I think Rubio’s confused about what to do because he’s running for re-election in Florida, and it’s not at all clear whether distancing himself from Trump or embracing Trump is the better answer. That was a pretty half-assed solution, though, for a candidate who was often criticized for his half-measures.
Harry Enten

The whole thing is surreal. Cruz is speaking in person and not endorsing Trump. Rubio spoke by video and endorsed Trump. It’s almost as if both are trying to split the baby in different ways.
Micah Cohen

Why is Cruz speaking in person and Rubio only via video?
Jody Avirgan

https://instagram.com/p/BIGkywRg3Qj/
Nate Silver

Cruz’s line congratulating Donald Trump on winning the nomination was in his original remarks and was his only scheduled mention of Trump.
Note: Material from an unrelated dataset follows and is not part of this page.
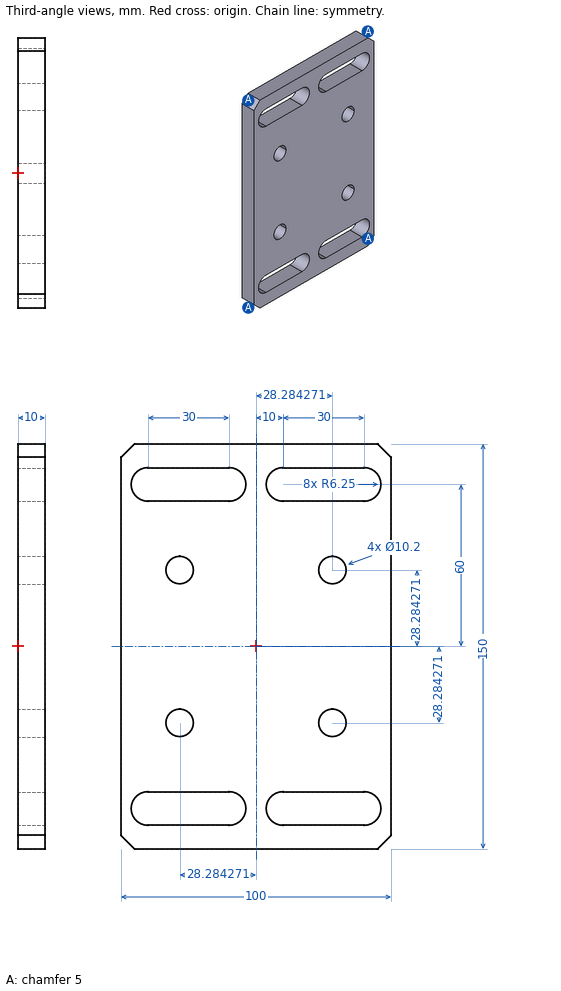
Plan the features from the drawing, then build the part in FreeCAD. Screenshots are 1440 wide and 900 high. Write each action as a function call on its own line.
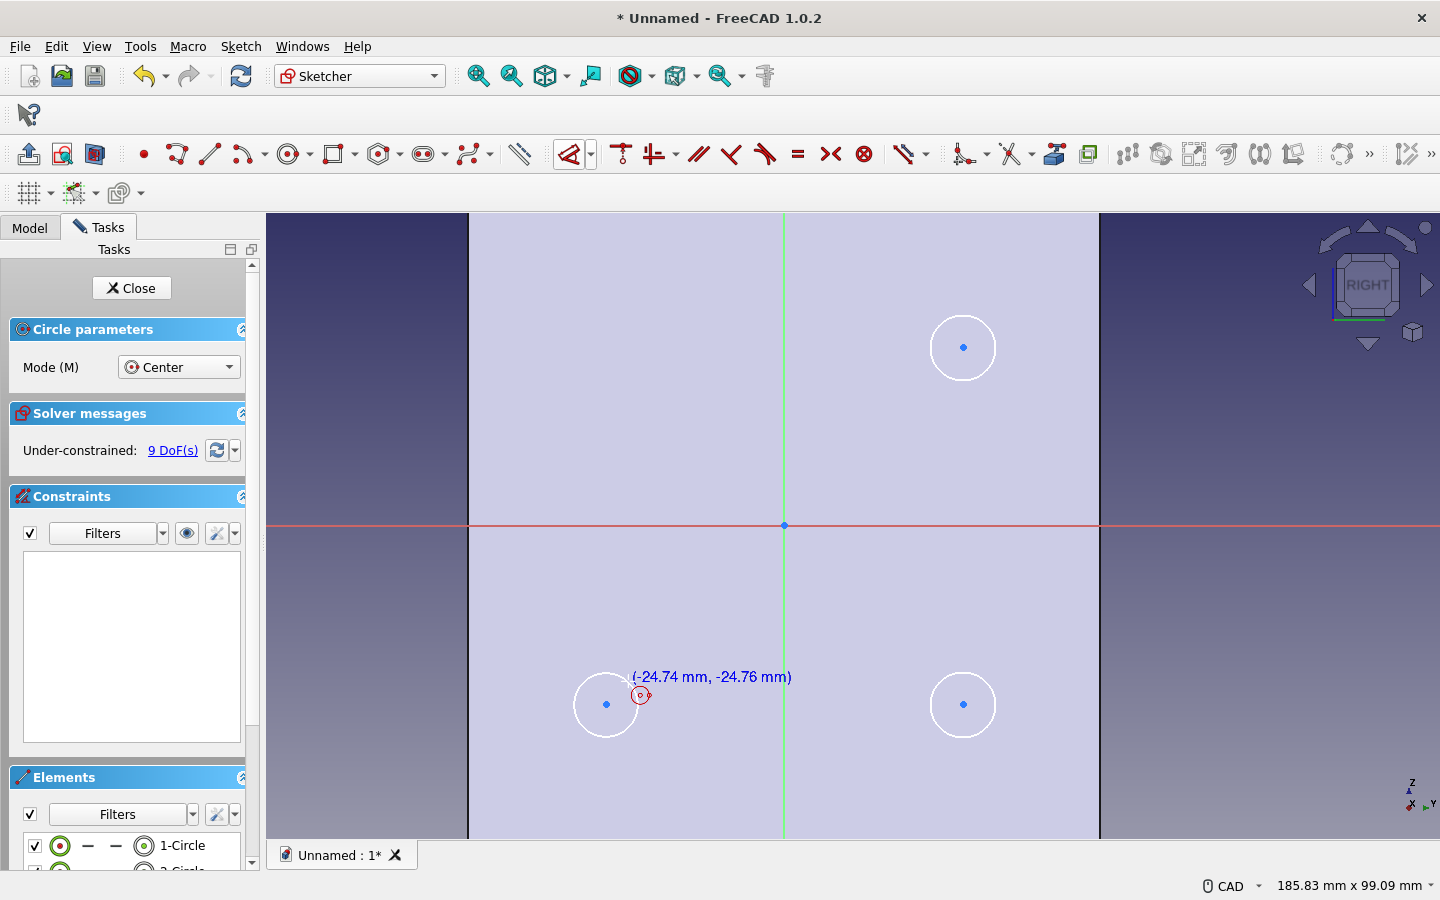
click(606, 347)
click(628, 324)
key(Escape)
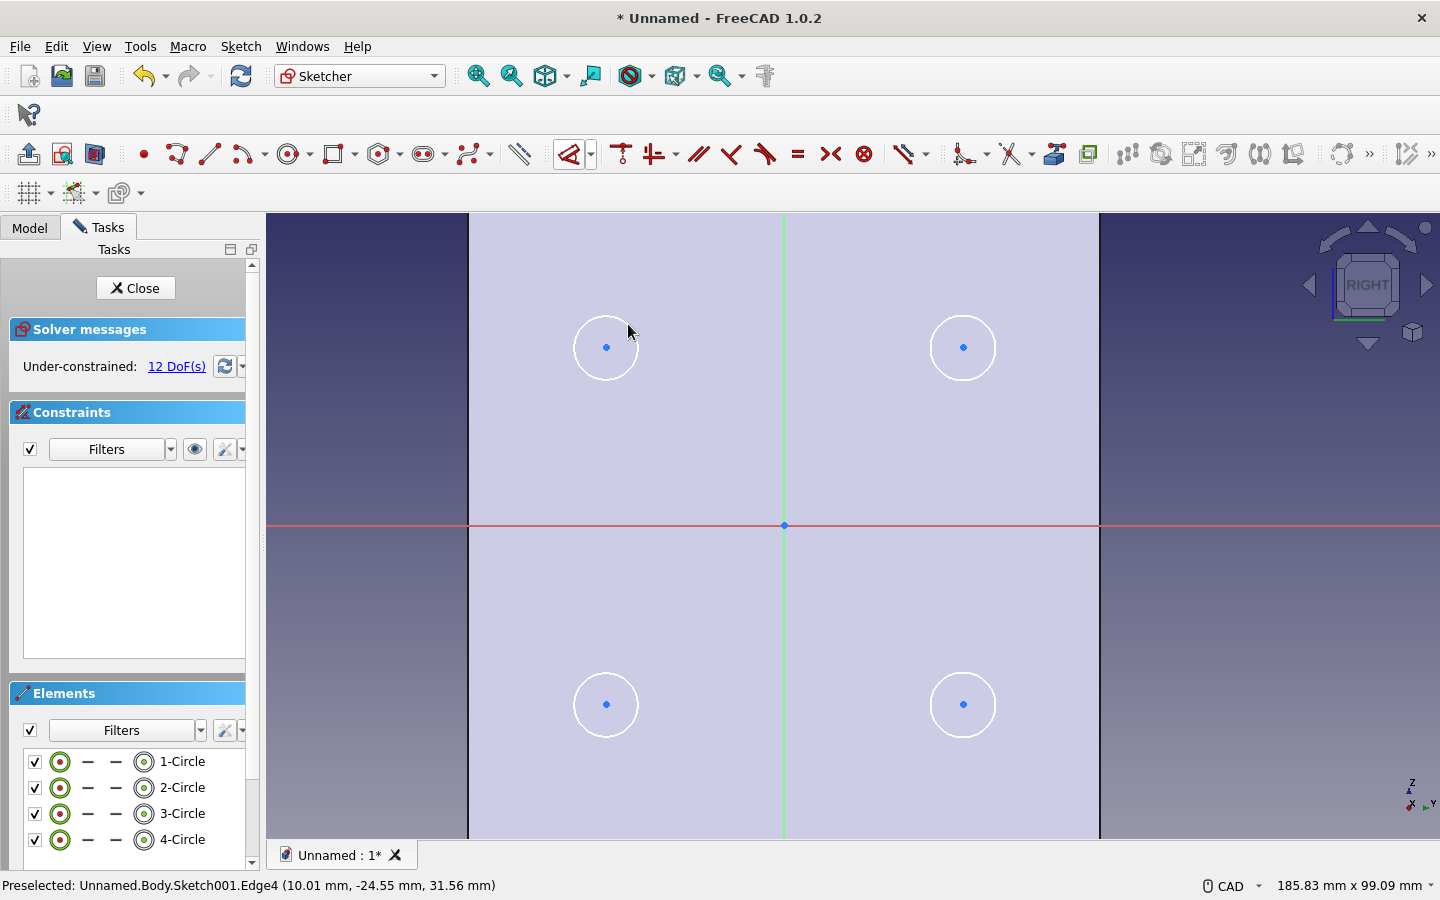
click(986, 325)

He then ad-libbed a line about prevailing in November, but he didn’t say anything further about Trump specifically.
Clare Malone

It’s Ted Cruz Time

Ted Cruz taking the stage here in Cleveland — with a varsity pander about the championship Cavs, no less — is the ultimate politician’s move. And he is giving the ultimate politician’s speech. Without actually endorsing Trump, Cruz congratulated the nominee and is now jumping, based on the prepared remarks, straight into an invocation of Michael Smith, one of the Dallas police officers shot and killed earlier this month, pulling at the heartstrings and then transitioning to his favorite topic: the constitution and states’ rights. That is where Cruz lives. “Freedom means recognizing that our Constitution allows states to choose policies that reflect local values. Colorado may decide something different than Texas. New York different than Iowa. Diversity. That’s the way it’s supposed to be.” This is a speech that is very much about ideas and very much not about Trump. Citing the recent Brexit vote and, vaguely, the Trump train’s rejection of the establishment, Cruz said: “Voters are overwhelmingly rejecting big government. That’s a profound victory.” A man with an eye to 2020, likely with an eye to running a campaign similar to his 2016 one, Cruz is no doubt setting himself up as a standard-bearer of movement conservatism, a guardian of ideas in the personality-driven current Republican Party of Trump.
Harry Enten

Marco Rubio isn’t speaking at this convention, but a video of him just played. Many delegates didn’t seem to be paying attention. Rubio was, however, saying Trump’s name. That’s more than you can say for some of the other speakers.
Farai Chideya

Lynne Patton, Eric Trump Foundation vice president, walked an interesting rhetorical line — acknowledging, unlike many of the past black and nonwhite speakers, that discrimination exists in policing and otherwise, but making the case (perhaps not a case based on his rhetoric, but her case nonetheless) that Donald Trump cares for black lives, blue lives and all lives. She said, in fact, that she endorsed him not in spite of but because of the color of her skin, which is an interesting twist on the long parade of black speakers relative to Trump’s lack of popularity in the black community.